Debuting during Milan Fashion Week in a film called "Jungle Red," the styles are unveiled in a gilded theater with a rotating set, featuring a cast of characters including Dita von Teese, Stella Maxwell, Precious Lee, Winnie Harlow, Hailey Bieber and Soo Joo Park. Maye Musk, mother of tech billionaire Elon Musk, is the show's presenter.
Riffing off the famous theater scene in George Cukor's 1939 film "The Women," where an all-woman cast -- played by the likes of Joan Crawford and Joan Fontaine -- attend a live show to see the latest fashion styles on stage, Scott's inspiration is an imagined 20th-century cosmopolitan woman, presented with an updated sensibility. A notable difference is the much more diverse group of women to Cukor's all-White ensemble, and Scott has also included models of different sizes and ages.
"There's not just one archetype of age or beauty," American-born Scott said of his film's cast. "There's many different races; there's different body types. So in essence, that is much more true to life, but not true to film or true to the kind of archetypes that Hollywood would perpetuate, especially in the 1930s."

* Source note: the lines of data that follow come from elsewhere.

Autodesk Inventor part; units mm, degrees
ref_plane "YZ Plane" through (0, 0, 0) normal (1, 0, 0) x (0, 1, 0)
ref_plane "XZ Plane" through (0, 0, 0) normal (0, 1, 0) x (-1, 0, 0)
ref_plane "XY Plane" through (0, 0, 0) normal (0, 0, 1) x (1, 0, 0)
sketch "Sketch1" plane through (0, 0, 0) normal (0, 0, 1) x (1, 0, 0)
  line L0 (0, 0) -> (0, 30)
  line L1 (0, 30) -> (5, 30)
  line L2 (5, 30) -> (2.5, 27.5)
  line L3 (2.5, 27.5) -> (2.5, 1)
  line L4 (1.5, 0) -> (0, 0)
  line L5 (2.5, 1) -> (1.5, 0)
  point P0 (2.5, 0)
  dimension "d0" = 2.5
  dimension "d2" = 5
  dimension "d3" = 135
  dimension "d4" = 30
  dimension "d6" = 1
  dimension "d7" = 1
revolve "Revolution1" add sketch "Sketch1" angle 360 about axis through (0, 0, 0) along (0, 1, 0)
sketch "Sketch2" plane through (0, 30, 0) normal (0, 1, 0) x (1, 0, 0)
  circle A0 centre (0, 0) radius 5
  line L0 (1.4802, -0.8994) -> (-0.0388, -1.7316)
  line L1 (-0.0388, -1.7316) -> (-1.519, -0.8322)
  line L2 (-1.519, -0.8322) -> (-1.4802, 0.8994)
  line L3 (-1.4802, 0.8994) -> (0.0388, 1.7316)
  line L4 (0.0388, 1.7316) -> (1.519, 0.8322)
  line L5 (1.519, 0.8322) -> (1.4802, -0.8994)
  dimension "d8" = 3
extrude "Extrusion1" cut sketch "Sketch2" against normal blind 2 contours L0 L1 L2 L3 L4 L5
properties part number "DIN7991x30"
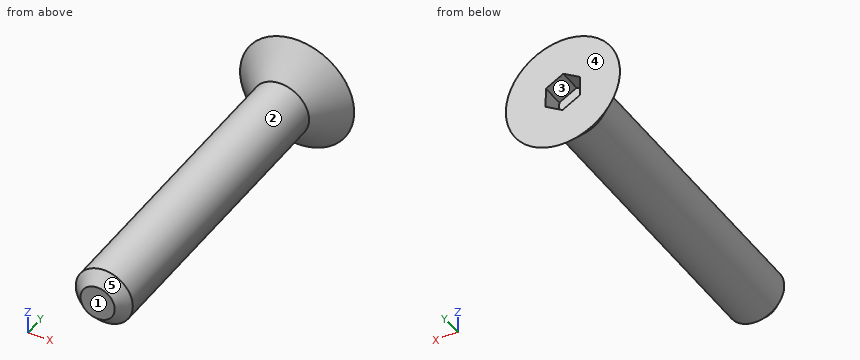
For this review, take the finished solid that the model builds, in its own axes (mm). Face numbers are marked on the shaded views. A direction names the side the tool comes from. Round coordinates to 2 decimals unless told otherwise and drop trailing zeros. Loops run counter-clockwise (first coordinate to the right, second up) from the corner with the lowest first, then second, coordinate; pieces in that order, holes last. Notation, with made-up numbers: (9.25, -9.75) - (59.25, -9.75) arc R28 ccw to (59.25, 18.25) - close; hole circle Ø9 at (71.25, -33). An arc over 180 degrees is marked (long way). Use one line per item in the form item = value.
Item 1: Clearance check with flat-ended pins moving along their axes: P1, Ø2, axis at y = 10.5, z = 1.5, coming from the +X side; P2, Ø4, axis at x = -3, y = 16, coming from the +Z side; P3, Ø4, axis at x = 0.5, z = -3.5, coming from the -Y side. State where each tip first meets the part, or that it passes through.
Answers:
P1 = 2.45
P2 = 2.29
P3 = 0.04
Item 2: Consider section A-A on z = 0. Write out the cut boundary in (x, y), then the cut area to 3 significant figures.
Answers:
outline = (-5, 30) - (-2.5, 27.5) - (-2.5, 1) - (-1.5, 0) - (1.5, 0) - (2.5, 1) - (2.5, 27.5) - (5, 30) - (1.5, 30) - (1.5, 28) - (-1.5, 28) - (-1.5, 30) - close
area = 149 mm^2
Item 3: Consider section B-B on y = 22.5. Write out the cut boundary in (x, z).
Answers:
outline = circle Ø5 at (0, 0)
Item 4: Tool access review of the marked faces 1 and 2: name each direction out of +Z, -Z, +X, -X, +Y, -Y from which nothing blocks a thin tool from reaching the whole face with its end or side.
Answers:
face_1 = +Z, -Z, +X, -X, -Y
face_2 = -Y
Item 5: For line 1 (Z direction, x = -2, y = 7.5); line 2 (Y direction, x = -0.75, z = 0.75), list the stretches that pass through material, from the lowest coordinate up.
Answers:
line_1 = -1.5 to 1.5
line_2 = 0 to 28
Item 6: Mouldability with a two-part tool opening along X and no side actions: class the marked faces 3, 4 and 5 as +X half, -X half, draft (parallel to the pull), parting line (faces both ways), or undercut.
Answers:
face_3 = undercut
face_4 = draft
face_5 = parting line

In the Moschino fashion film, the models shift from weekday work to weekend leisure, with visits to art museums, the theater, and the countryside. The film takes its name from a coveted nail polish hue in Cukor's film.
"I've been very fortunate to be able to find another way of expressing myself outside of the traditional fashion show with having everyone gather together, which is not possible this time," said Scott.
A behind-the-scenes shot from the Moschino film. Credit: Jeremy Eichenbaum for Moschino
'A little joy and levity'
"Jungle Red" mixes camp and glamour, with models walking the stage during each vignette.
There's plenty of signature Moschino kitsch, with one model wearing a statuesque windmill atop her chignon hair coil, while others walk out in bell-sleeved potato sacks and oversized hair bows (reminiscent of the Marilyn Monroe shoot in which she proved that she could look good wearing nothing but burlap).
The first business looks of slicked hair, tiny pinstriped hats and tailored suits among a New York City set give way to a pastoral scene featuring bubble-sleeve prairie dresses printed with fluffy clouds, grassy fields and cows.
Meanwhile spectators at a museum wear wide-brimmed hats and flared pencil skirts as the paintings come alive with models in brushstroke-printed gowns. During the urban safari, replete with faux-plant jungle, models prowl around in animal-inspired outfits, including a long-tailed gold alligator two-piece skirt suit, and a black one-shoulder mini-dress with a glitzy embellished flamingo. Finally, at the theater the models swan about in red-carpet gowns and capes with chunky jewelry and stacks of pearls, as well as one dramatic shawl in the shape of oversized black evening gloves.
Like many industries, the pandemic has upended the norms of the fashion world, and Scott hopes that Moschino's irreverent shows provide some much-needed joy.
"The most important thing I always want to communicate with my collections and my work and my shows is really bringing some humor and ... a little joy and levity," he said. "I think that that's the most important thing I can do in my work."